Rationale of choosing the pool
Employers need to explain why they have chosen the pool selected for redundancy and be willing to discuss that choice in consultation. An employer must have genuinely applied their mind to the question of the pool from which employees should be selected. The selection of that pool must come within the range of reasonable approaches open to a reasonable employer.
Factors to consider when determining the pool include:
- The similarities and differences of roles between employees (possibly even if they are performed at different locations). This goes beyond what is stated in the employment contract or job title.
- The extent to which any employee roles are interchangeable.
- Whether the section pool was agreed with the union or employee representatives, if appropriate.
Meaningful consultation
There must be a ‘meaningful’ consultation where the affected employee could influence or potentially affect the outcome.
As the EAT made clear, meaningful consultation means setting out a provisional proposal, along with the rationale, and providing an opportunity for feedback, comments or observations. A decision maker should consider the responses through consultation with an open mind, considering whether they alter the initial proposal. Only then should the employer make a decision.
The Claimant was absent from work due to illness from September 2008. In 2012, he brought a grievance against the Respondent. This grievance outlined the Respondent’s failure to transfer him to its disability plan. He was transferred to the disability plan and signed a settlement agreement, expressly excluding future claims from the scope of the agreement, but only those which were “(i) not connected with the matters set out in the grievance or appeal; or (ii) do not arise out of the Claimant’s transfer to the disability plan”.

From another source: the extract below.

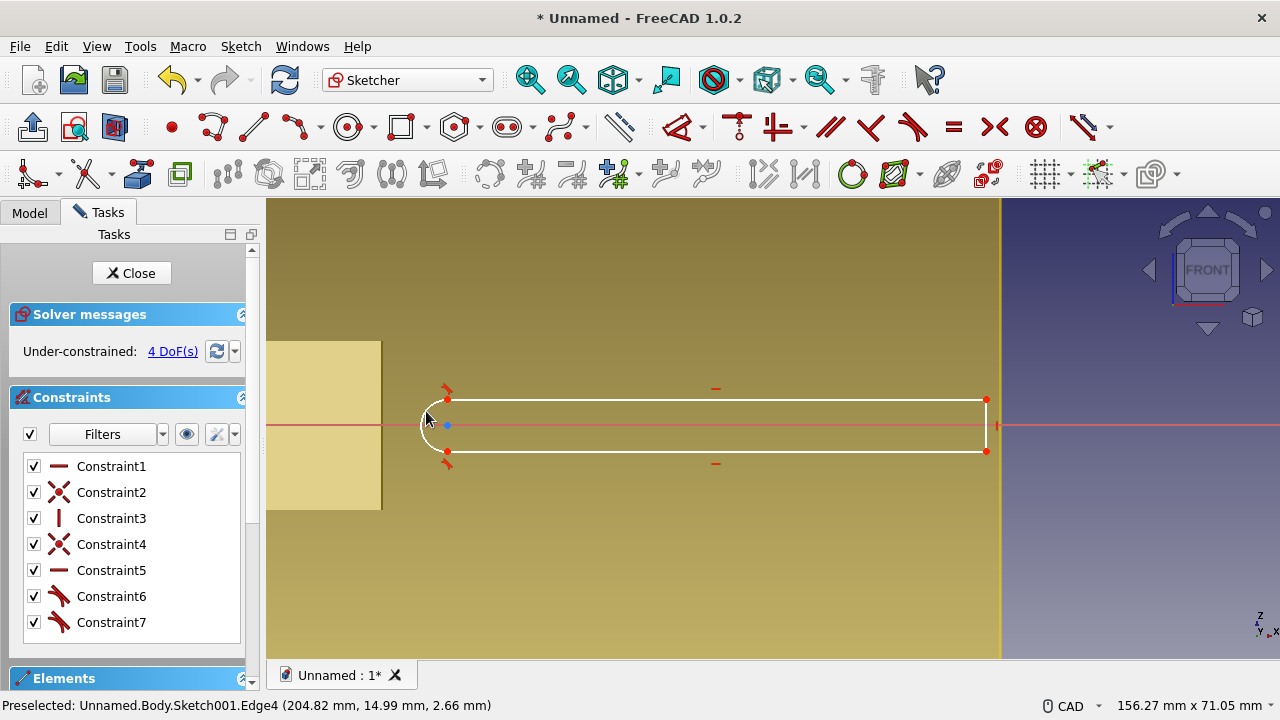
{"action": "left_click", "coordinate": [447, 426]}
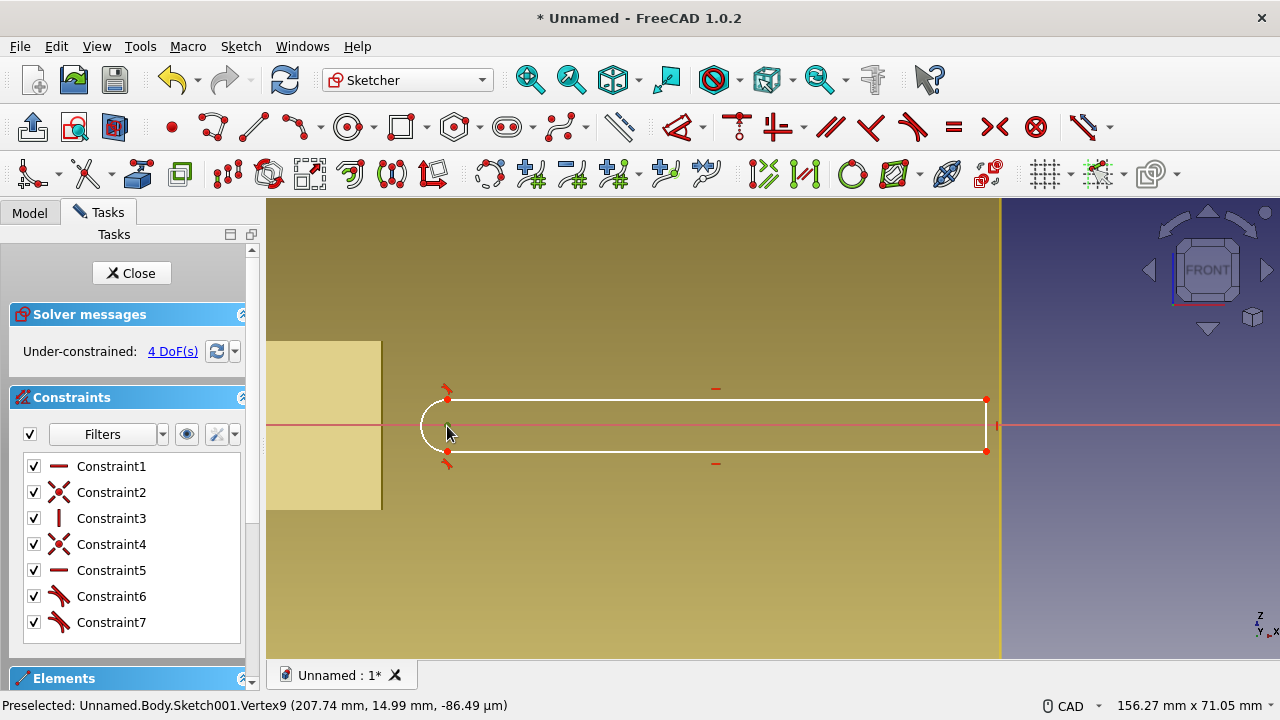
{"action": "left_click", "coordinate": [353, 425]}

The Claimant argued that he had been discriminated against on the grounds of disability because, since his transfer to the disability plan, he had not had an annual salary review, his salary had not been increased and his annual leave payments had been at a reduced rate compared to employees not on the disability plan. At a preliminary hearing, the claims were struck out as the judge viewed the new disability plan as beneficial to the claimant, not placing him at a disadvantage.

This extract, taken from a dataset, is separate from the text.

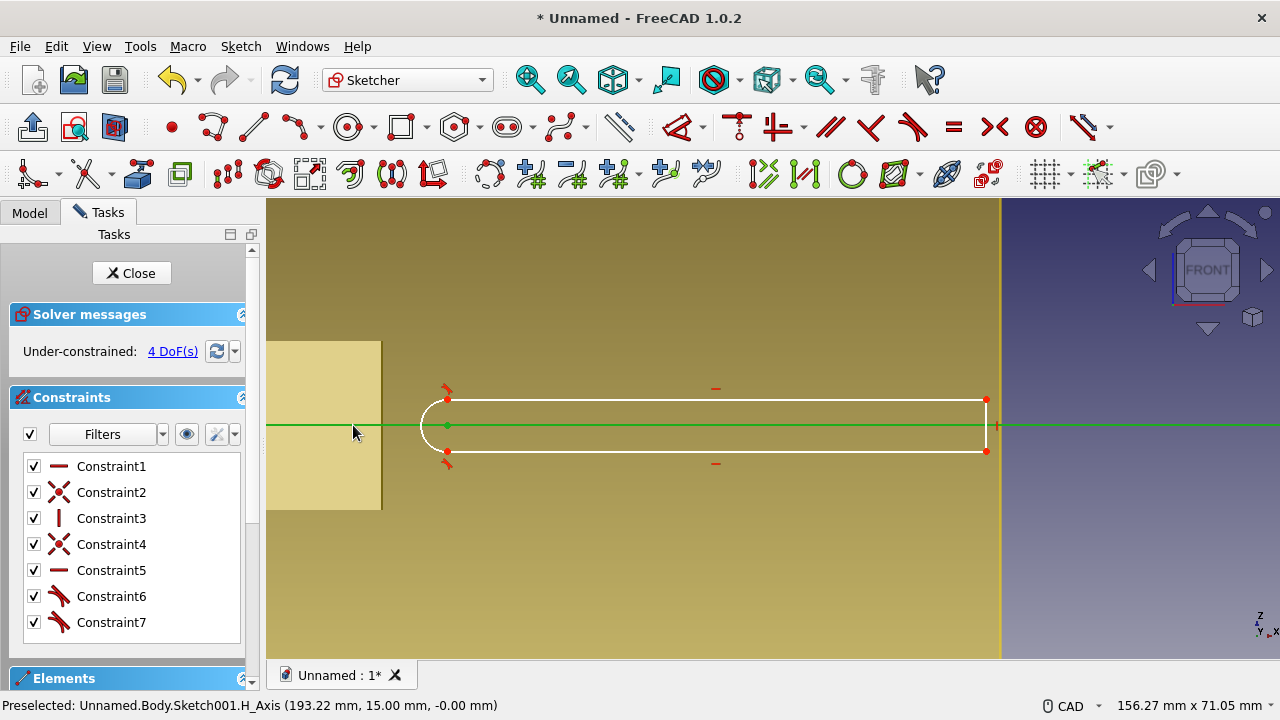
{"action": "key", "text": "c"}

The Claimant’s appeal was dismissed. The judge stated that the terms of the settlement agreement covered future discrimination claims connected to the Claimant’s grievance or arising out of his transfer to the disability plan, whether or not they were contemplated by the parties.

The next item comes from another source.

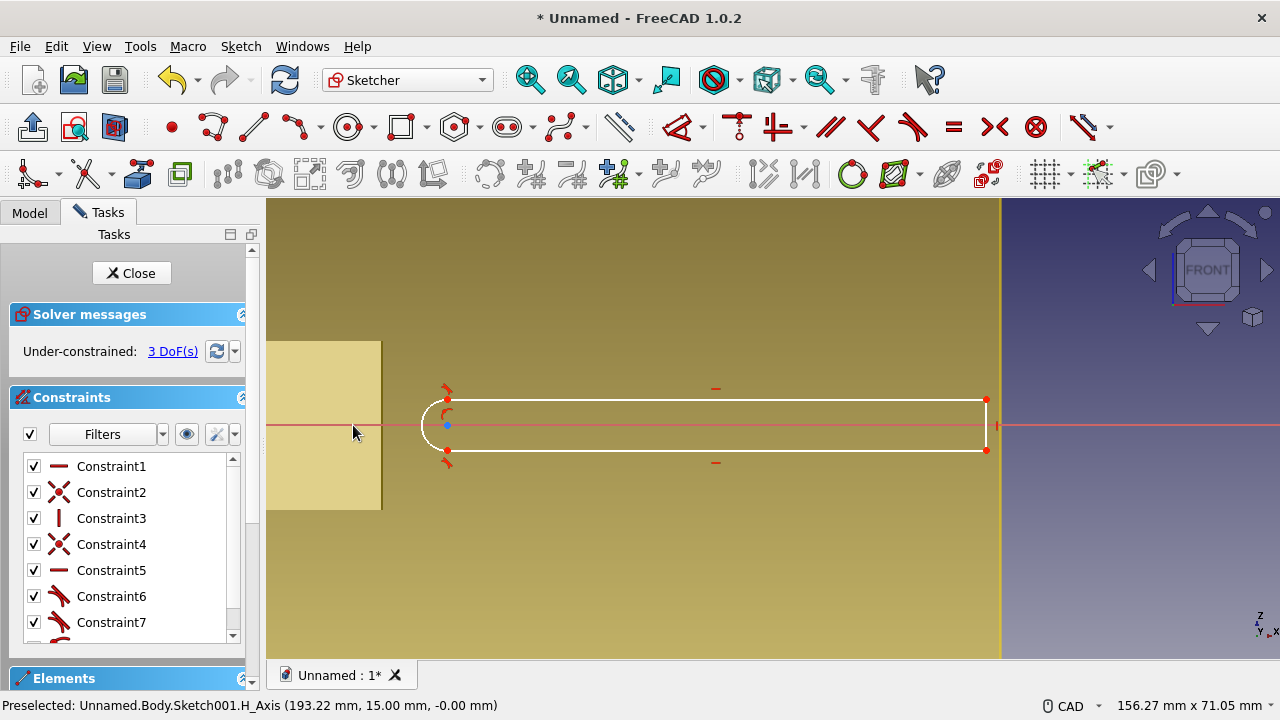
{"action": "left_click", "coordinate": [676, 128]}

The second issue was whether the settlement agreement complied with s.147(3)(b) of the Equality Act 2010 that ‘the contract relates to the particular complaint.’ The Tribunal’s reasoning followed the Scottish Court of Session decision in Bathgate v Technip Singapore PTE Limited, reiterating that there was nothing in the relevant statutory language that precludes the settlement of future claims provided that appropriately clear language is used.
This case has now confirmed the decision in Bathgate as binding in the courts of England and Wales (unless appealed and overruled). It confirms that:
- Statutory rules about settlement agreements do not prevent the settlement of future claims, so long as the types of claim are clearly identified and the wording in the agreement covers the relevant claim.
- Where s.147(3)(b) Equality Act 2010 states that the agreement must “relate to the particular complaint” it does not mean that the complaint must have existed or been known of at the time of the agreement.
- The complaint must be specific and identified in the agreement, however and there should not be a general waiver of all claims.
A settlement agreement may settle future claims in the same way as COT3 (although using a COT3 may be advantageous e.g., in mass settlement exercises).